Top of GIVEN ENTRIES
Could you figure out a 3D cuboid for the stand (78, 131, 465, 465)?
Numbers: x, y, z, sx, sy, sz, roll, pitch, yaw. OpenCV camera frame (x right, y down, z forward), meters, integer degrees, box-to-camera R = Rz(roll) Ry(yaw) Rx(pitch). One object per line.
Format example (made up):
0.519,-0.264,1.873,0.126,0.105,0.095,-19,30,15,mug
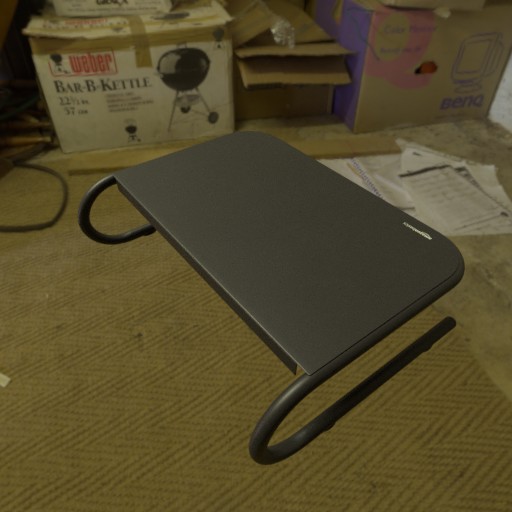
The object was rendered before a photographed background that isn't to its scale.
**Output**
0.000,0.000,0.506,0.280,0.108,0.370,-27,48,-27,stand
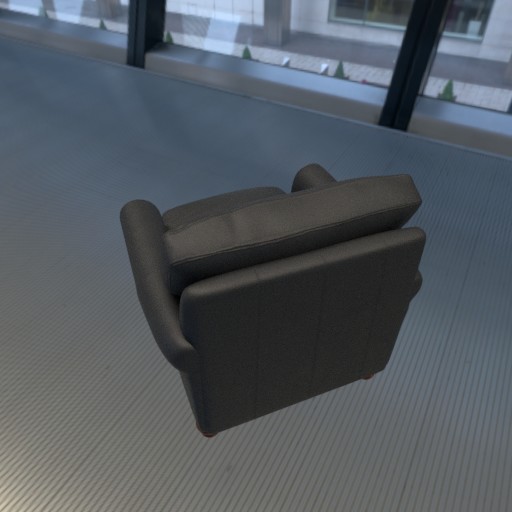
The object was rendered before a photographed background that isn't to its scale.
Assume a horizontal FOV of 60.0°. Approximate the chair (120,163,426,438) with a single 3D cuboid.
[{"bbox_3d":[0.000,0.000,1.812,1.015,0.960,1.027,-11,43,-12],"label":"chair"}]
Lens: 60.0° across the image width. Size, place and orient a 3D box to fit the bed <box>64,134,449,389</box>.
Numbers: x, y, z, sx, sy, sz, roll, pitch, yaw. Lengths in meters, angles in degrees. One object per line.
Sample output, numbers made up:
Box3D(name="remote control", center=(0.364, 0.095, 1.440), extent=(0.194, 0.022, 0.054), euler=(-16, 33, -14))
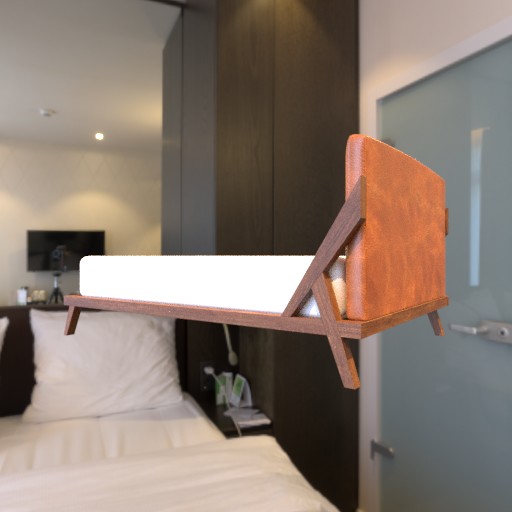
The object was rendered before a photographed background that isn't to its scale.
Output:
Bottom of GIVEN ENTRIES
Top of GIVEN ENTRIES
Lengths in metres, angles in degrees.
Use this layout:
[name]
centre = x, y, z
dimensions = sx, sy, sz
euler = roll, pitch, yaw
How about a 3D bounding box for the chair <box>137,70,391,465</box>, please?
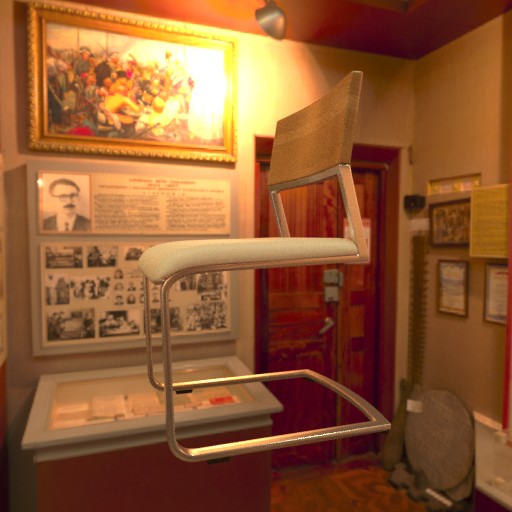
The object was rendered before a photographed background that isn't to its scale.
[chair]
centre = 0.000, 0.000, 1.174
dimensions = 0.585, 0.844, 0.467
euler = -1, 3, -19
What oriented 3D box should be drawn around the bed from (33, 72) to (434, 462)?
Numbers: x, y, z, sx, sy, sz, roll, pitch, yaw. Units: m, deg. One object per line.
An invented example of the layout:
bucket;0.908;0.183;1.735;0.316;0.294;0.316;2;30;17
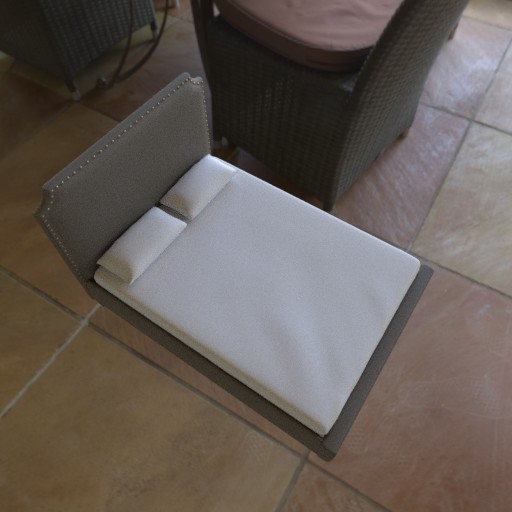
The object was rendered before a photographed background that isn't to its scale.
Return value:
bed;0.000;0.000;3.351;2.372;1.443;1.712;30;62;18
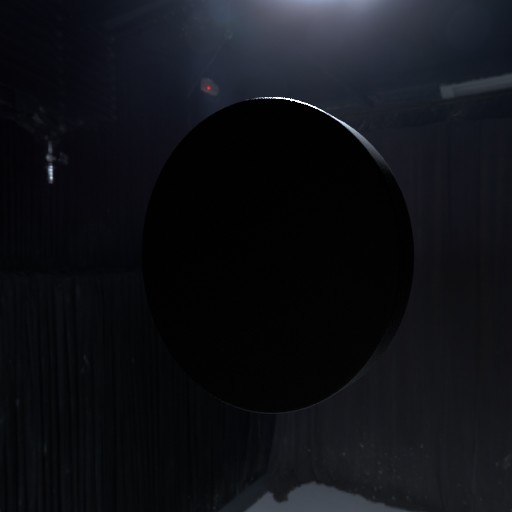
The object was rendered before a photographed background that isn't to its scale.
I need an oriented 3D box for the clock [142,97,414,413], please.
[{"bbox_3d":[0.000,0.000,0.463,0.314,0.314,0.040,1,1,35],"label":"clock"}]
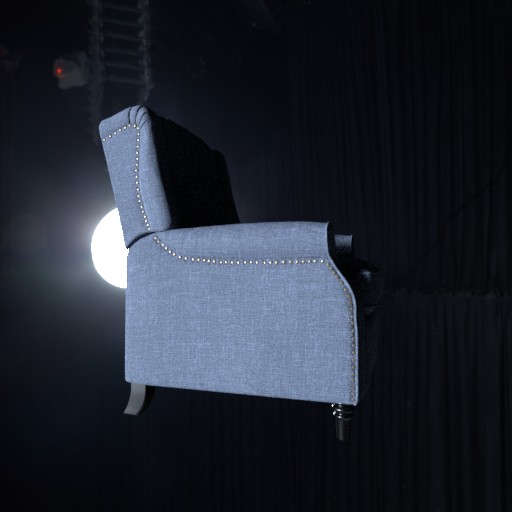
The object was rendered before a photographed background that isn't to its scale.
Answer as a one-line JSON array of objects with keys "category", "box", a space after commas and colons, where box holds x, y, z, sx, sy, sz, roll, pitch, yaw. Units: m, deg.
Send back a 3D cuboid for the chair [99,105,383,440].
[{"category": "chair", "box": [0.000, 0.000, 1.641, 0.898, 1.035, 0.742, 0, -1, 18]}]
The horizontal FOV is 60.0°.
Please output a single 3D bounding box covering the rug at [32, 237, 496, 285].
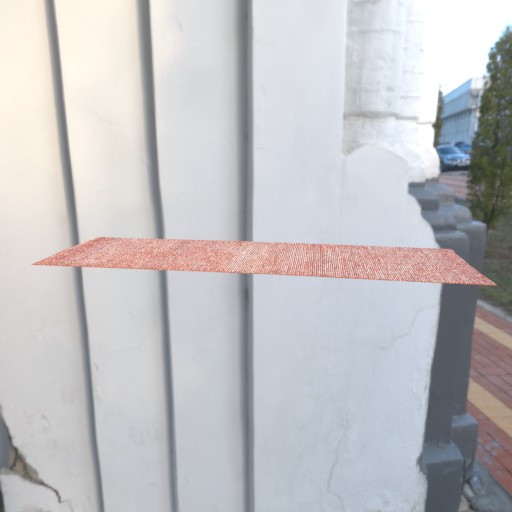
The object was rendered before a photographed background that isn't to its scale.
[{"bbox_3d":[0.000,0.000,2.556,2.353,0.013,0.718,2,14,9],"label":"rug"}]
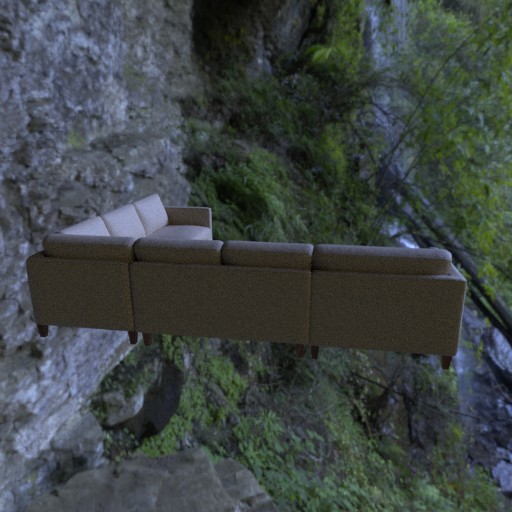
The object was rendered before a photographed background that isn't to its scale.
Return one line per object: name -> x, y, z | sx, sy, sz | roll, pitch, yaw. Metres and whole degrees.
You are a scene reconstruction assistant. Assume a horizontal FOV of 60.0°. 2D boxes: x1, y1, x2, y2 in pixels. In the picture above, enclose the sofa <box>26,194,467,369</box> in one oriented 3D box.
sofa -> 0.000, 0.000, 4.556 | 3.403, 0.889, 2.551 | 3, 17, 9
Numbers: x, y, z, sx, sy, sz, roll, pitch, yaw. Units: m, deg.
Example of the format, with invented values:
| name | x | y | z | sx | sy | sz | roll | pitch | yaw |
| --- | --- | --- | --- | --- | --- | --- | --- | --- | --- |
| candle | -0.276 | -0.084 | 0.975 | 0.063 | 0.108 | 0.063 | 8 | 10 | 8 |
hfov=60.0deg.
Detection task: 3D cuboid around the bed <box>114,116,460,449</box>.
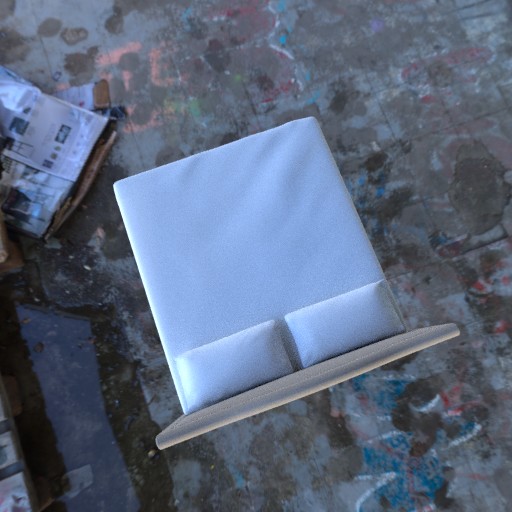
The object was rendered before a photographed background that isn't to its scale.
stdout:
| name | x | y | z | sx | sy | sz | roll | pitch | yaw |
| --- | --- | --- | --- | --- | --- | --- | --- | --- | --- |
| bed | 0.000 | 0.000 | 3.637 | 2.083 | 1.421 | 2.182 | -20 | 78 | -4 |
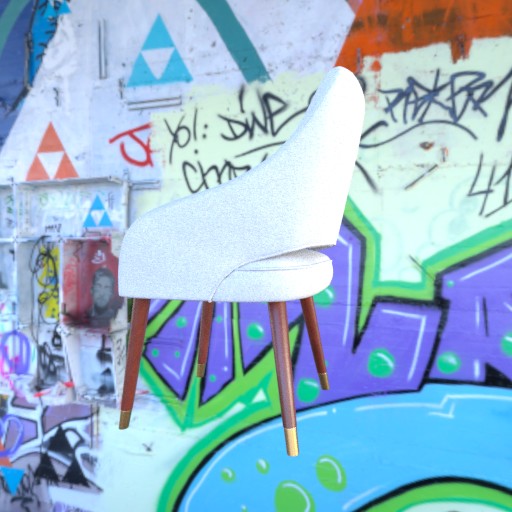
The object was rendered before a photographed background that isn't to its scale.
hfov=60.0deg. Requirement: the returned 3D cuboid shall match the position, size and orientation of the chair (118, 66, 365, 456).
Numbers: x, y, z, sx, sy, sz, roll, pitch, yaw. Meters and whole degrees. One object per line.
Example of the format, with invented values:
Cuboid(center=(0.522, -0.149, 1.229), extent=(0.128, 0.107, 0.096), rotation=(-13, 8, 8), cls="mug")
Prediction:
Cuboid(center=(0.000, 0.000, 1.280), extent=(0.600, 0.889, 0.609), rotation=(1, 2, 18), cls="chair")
Bottom of GIVEN ENTRIES
Top of GIVEN ENTRIES
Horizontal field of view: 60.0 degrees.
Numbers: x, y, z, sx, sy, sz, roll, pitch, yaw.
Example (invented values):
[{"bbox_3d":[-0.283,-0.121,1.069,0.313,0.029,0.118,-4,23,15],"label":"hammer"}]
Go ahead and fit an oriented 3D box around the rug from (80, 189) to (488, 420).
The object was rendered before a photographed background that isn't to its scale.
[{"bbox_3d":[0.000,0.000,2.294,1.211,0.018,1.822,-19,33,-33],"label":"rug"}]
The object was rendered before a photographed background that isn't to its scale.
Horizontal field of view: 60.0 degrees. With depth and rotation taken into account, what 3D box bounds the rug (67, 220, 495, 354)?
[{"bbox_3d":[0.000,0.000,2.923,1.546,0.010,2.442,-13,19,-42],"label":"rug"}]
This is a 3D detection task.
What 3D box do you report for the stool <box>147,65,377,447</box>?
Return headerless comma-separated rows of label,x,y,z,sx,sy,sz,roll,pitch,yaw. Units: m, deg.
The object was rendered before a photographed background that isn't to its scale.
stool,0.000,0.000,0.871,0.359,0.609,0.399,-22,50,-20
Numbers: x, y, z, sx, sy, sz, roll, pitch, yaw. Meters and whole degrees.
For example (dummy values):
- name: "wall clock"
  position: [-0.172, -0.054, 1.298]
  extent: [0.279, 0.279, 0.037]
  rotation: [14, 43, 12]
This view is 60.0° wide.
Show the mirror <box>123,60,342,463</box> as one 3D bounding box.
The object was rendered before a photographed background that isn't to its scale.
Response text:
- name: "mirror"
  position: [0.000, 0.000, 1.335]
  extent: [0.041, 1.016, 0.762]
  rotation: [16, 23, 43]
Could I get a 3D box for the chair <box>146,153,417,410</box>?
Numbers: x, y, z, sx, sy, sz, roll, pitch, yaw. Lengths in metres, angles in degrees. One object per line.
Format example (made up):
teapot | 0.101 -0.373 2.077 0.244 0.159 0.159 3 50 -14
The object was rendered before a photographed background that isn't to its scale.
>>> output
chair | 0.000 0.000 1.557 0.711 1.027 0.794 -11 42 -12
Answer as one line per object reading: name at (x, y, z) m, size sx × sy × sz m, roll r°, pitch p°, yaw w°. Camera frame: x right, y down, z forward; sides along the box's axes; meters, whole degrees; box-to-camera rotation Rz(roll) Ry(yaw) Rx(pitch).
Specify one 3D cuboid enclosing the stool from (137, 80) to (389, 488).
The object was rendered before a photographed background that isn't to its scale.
Bottom of GIVEN ENTRIES
- WHAT IS EXPECTED
From the listing above, work out the number of lines that contain "around" and give only that.

- SOLVED PROBLEM
3